> **Input for this task**:
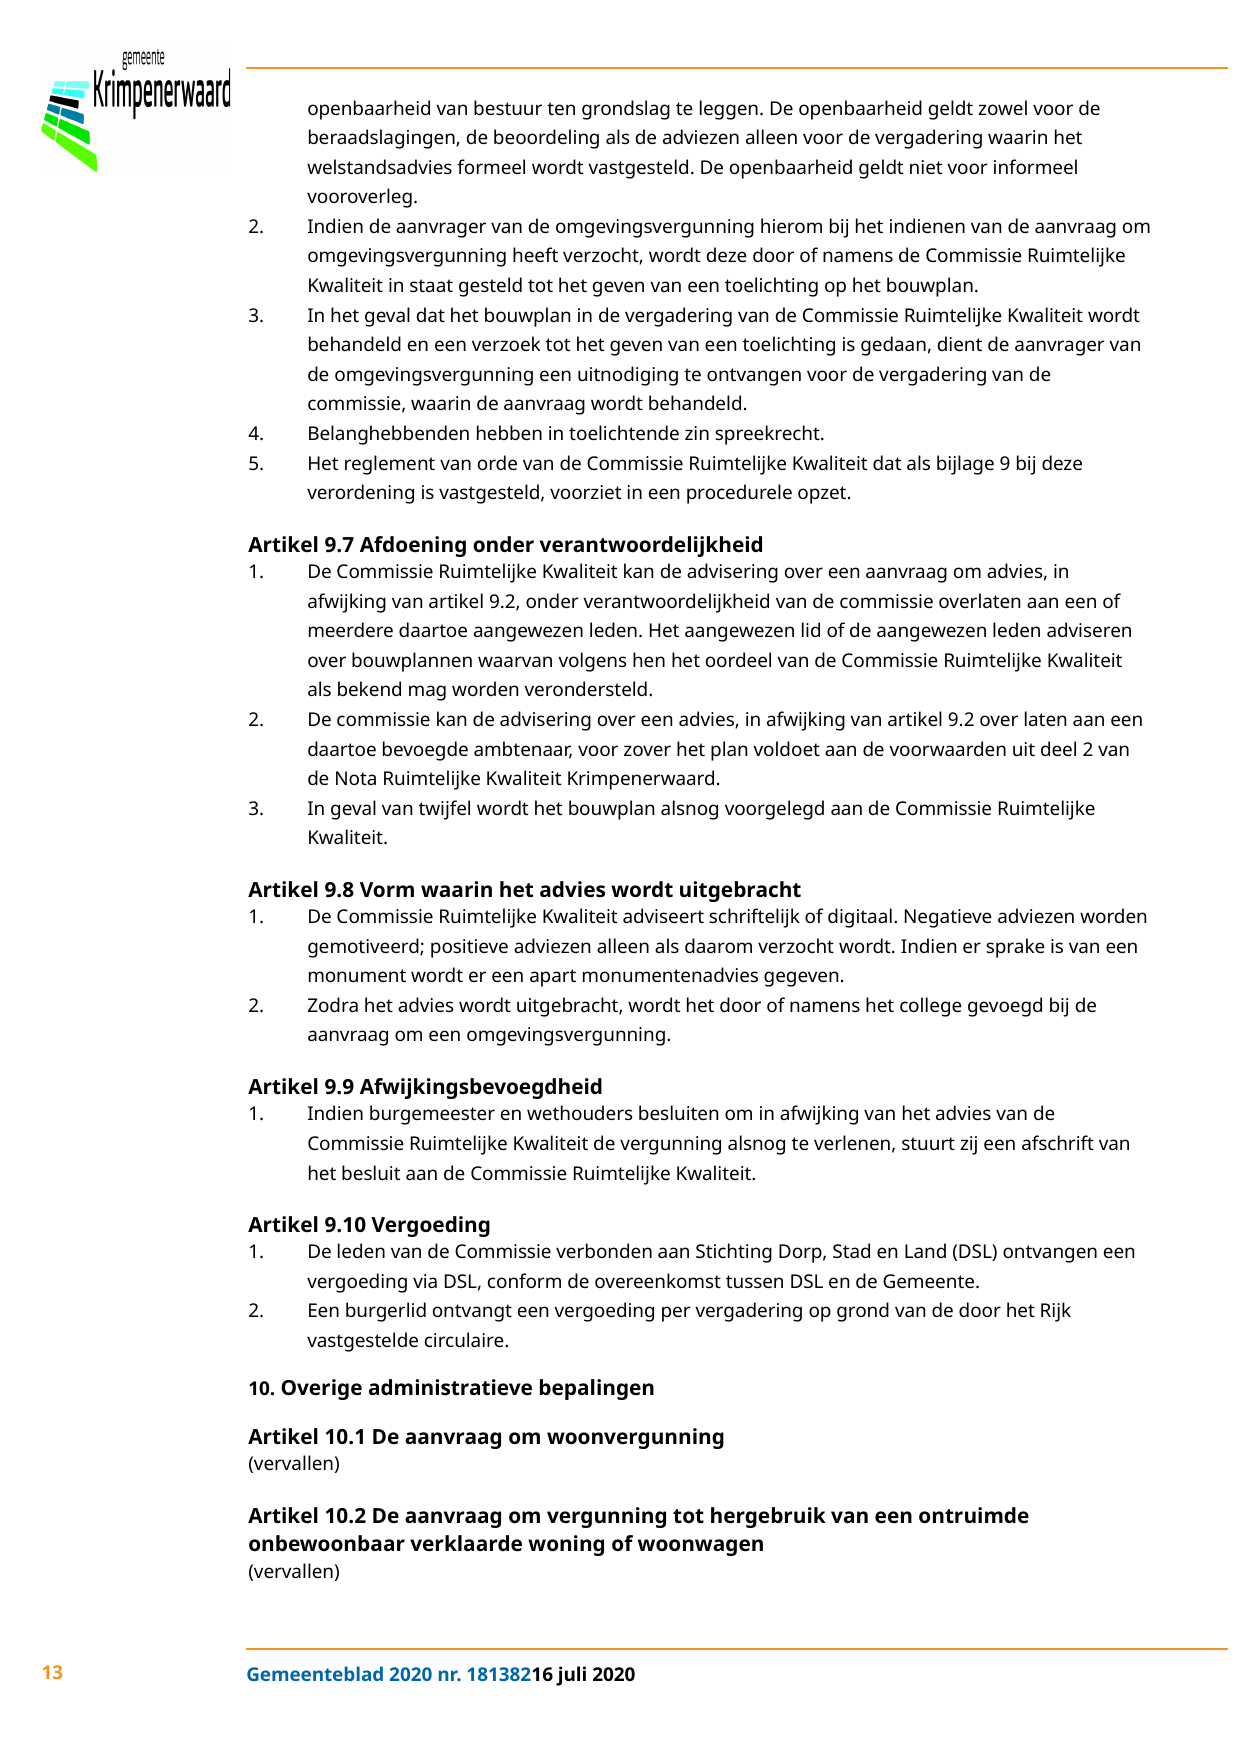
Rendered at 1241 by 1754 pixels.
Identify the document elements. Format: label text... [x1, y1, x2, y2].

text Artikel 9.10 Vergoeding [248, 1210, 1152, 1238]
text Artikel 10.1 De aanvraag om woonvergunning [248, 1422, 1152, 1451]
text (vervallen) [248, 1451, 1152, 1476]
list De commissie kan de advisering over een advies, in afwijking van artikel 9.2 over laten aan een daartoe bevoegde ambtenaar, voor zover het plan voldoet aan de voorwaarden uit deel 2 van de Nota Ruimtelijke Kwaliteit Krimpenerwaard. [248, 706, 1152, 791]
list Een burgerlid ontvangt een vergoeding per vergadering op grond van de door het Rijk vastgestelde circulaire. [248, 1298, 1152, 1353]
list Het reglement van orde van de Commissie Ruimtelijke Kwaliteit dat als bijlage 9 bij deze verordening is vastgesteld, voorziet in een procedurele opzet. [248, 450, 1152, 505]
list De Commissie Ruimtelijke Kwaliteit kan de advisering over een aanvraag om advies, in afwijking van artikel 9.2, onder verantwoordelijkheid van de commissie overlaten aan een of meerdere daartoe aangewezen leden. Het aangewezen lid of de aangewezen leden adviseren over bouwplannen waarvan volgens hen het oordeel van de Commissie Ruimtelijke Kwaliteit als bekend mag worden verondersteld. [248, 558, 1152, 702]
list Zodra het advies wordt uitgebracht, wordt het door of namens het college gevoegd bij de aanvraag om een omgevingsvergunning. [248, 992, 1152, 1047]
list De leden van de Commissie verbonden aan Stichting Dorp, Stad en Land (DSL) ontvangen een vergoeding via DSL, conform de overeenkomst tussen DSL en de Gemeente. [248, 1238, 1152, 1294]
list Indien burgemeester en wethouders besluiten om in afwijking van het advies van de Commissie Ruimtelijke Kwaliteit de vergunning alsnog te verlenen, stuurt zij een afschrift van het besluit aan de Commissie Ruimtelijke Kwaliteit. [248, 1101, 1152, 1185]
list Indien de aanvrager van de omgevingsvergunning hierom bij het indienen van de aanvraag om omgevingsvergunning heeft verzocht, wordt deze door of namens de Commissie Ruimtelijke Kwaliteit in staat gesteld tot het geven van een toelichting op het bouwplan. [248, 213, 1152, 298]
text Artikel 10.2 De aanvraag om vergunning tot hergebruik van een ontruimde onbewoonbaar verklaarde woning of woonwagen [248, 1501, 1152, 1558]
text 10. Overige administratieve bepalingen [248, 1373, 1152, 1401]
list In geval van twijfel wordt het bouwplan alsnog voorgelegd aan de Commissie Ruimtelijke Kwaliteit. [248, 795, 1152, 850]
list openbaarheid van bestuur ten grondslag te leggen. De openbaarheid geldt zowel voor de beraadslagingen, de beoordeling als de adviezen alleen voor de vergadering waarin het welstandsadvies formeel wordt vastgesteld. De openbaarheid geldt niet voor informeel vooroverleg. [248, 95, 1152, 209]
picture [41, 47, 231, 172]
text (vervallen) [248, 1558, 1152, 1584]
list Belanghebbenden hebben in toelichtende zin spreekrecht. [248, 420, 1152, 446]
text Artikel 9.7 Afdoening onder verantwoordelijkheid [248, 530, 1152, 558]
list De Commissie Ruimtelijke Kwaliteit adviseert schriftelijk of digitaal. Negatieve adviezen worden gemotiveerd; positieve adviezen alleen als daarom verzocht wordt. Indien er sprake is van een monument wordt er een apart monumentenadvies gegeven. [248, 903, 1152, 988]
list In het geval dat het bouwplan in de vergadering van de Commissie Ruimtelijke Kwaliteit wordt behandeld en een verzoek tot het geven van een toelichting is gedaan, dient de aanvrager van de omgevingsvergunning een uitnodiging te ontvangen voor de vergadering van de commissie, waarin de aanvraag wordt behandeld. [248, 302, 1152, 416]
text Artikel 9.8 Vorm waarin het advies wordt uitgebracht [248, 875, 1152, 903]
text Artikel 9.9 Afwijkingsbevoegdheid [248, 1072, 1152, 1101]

> **Problem to solve**:
Everything from the line with "text Artikel 10.1" through the line with "list De Commissie Ruimtelijke Kwaliteit kan" should be written out exactly as it appears above, end lines included, and nothing outside that range.

> **Response for this exercise**:
text Artikel 10.1 De aanvraag om woonvergunning [248, 1422, 1152, 1451]
text (vervallen) [248, 1451, 1152, 1476]
list De commissie kan de advisering over een advies, in afwijking van artikel 9.2 over laten aan een daartoe bevoegde ambtenaar, voor zover het plan voldoet aan de voorwaarden uit deel 2 van de Nota Ruimtelijke Kwaliteit Krimpenerwaard. [248, 706, 1152, 791]
list Een burgerlid ontvangt een vergoeding per vergadering op grond van de door het Rijk vastgestelde circulaire. [248, 1298, 1152, 1353]
list Het reglement van orde van de Commissie Ruimtelijke Kwaliteit dat als bijlage 9 bij deze verordening is vastgesteld, voorziet in een procedurele opzet. [248, 450, 1152, 505]
list De Commissie Ruimtelijke Kwaliteit kan de advisering over een aanvraag om advies, in afwijking van artikel 9.2, onder verantwoordelijkheid van de commissie overlaten aan een of meerdere daartoe aangewezen leden. Het aangewezen lid of de aangewezen leden adviseren over bouwplannen waarvan volgens hen het oordeel van de Commissie Ruimtelijke Kwaliteit als bekend mag worden verondersteld. [248, 558, 1152, 702]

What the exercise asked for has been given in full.